Determine how many lines in the records hold "stroke", then give that number by itself.
··· RECORDED INFORMATION ···
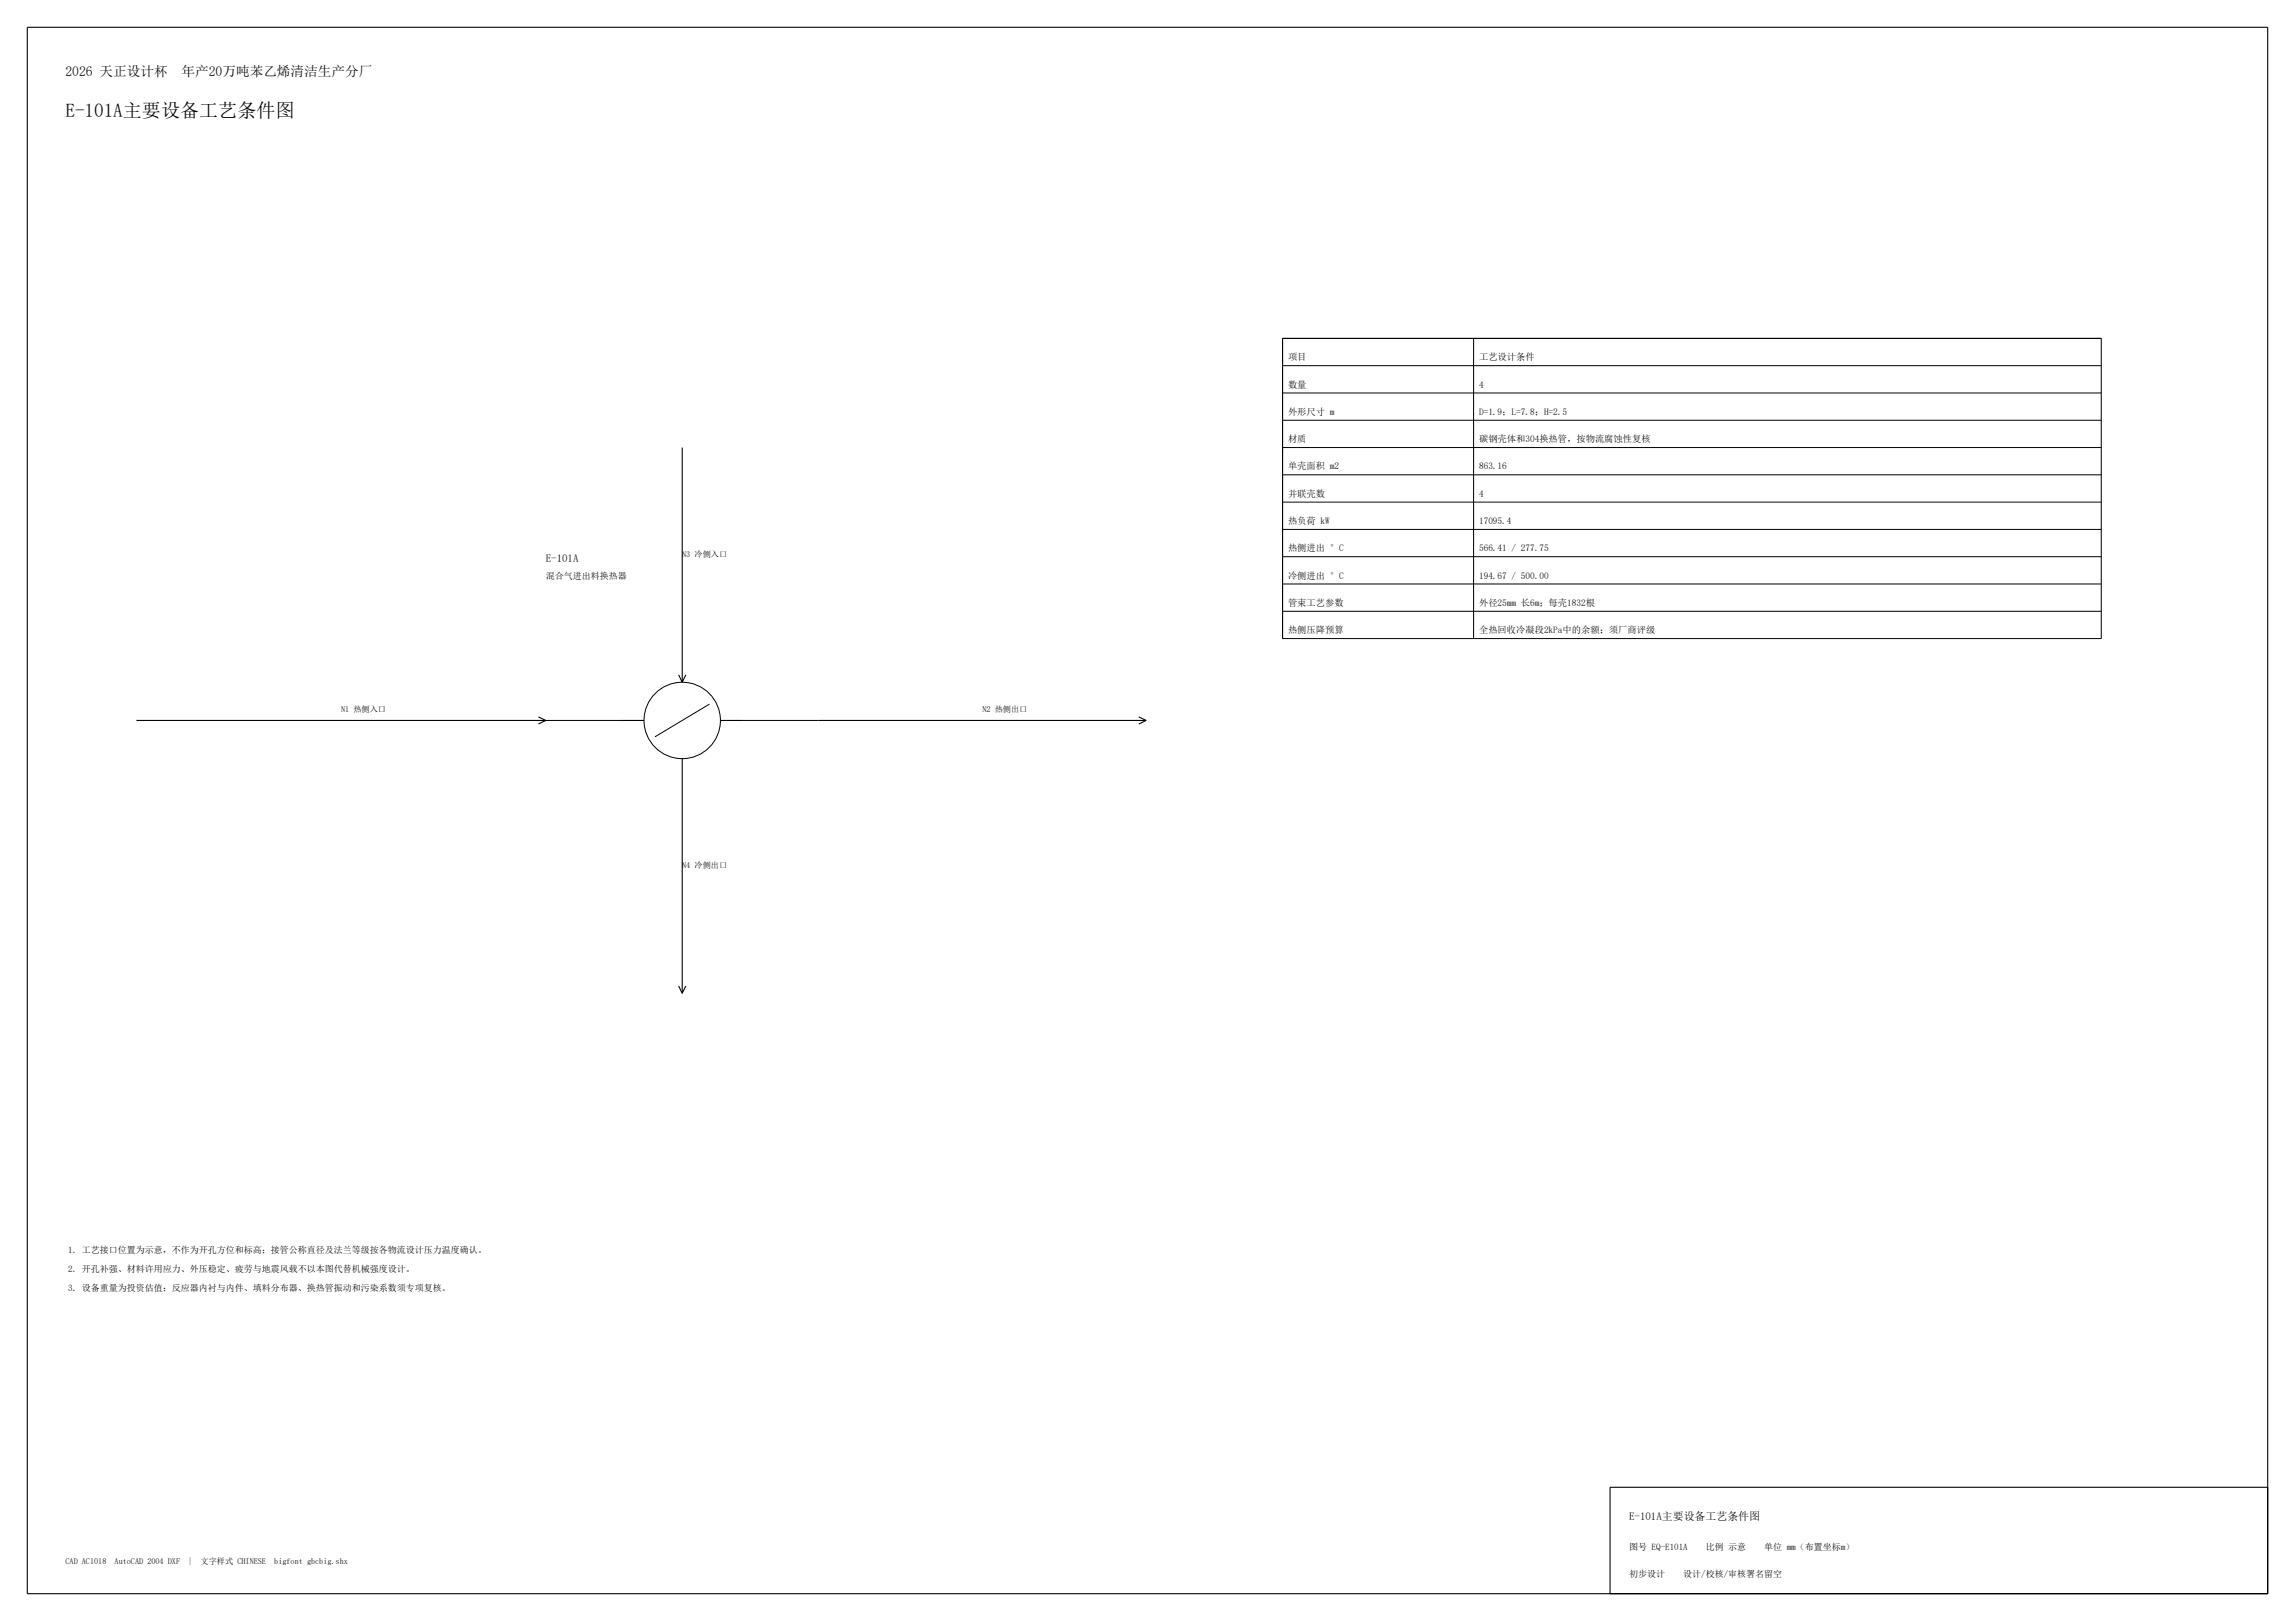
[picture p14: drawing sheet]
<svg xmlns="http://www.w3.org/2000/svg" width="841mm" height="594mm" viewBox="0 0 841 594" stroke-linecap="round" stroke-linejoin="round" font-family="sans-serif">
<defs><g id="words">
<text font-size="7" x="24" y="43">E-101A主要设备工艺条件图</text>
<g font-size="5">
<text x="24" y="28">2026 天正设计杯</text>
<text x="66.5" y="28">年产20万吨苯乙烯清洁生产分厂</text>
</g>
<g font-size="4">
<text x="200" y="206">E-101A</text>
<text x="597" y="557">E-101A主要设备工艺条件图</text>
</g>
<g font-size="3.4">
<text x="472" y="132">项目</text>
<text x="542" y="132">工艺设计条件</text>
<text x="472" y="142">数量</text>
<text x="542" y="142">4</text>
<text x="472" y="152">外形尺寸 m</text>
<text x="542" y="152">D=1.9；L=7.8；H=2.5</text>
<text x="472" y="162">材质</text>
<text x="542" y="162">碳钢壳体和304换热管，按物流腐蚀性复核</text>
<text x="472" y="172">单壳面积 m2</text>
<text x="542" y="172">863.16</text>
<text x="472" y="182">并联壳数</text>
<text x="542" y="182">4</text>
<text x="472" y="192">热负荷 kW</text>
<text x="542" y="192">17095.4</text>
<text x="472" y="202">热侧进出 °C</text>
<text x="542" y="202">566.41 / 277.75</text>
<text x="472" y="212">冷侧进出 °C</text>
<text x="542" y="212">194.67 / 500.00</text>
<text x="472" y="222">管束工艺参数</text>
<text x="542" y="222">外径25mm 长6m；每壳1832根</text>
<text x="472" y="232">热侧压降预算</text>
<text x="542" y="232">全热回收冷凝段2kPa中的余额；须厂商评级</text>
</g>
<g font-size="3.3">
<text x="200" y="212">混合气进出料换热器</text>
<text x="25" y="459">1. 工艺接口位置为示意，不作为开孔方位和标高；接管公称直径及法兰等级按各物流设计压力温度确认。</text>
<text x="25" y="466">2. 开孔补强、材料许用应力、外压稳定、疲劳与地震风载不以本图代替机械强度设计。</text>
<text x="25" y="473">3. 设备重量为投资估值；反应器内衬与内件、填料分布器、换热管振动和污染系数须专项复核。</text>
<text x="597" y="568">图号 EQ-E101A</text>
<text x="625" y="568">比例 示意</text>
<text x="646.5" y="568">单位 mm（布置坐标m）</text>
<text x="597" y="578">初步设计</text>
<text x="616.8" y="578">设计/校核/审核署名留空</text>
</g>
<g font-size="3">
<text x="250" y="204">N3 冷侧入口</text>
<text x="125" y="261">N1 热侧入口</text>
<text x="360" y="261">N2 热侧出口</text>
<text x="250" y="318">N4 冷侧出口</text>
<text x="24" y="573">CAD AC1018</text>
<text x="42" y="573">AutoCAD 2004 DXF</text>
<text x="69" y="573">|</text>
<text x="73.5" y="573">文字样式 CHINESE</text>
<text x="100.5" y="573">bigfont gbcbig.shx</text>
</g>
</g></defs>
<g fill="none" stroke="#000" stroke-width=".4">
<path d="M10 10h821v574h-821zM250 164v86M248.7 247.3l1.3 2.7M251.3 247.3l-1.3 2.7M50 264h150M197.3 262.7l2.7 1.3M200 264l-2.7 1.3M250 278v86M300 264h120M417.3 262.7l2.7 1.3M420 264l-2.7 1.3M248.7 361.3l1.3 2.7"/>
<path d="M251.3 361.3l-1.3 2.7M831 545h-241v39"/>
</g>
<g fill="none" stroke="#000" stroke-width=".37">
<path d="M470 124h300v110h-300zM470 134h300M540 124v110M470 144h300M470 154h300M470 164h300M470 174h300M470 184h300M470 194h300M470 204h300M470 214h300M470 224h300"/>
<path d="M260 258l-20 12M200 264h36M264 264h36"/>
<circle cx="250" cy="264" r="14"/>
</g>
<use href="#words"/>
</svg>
···
__PROBLEM SOLUTION__
3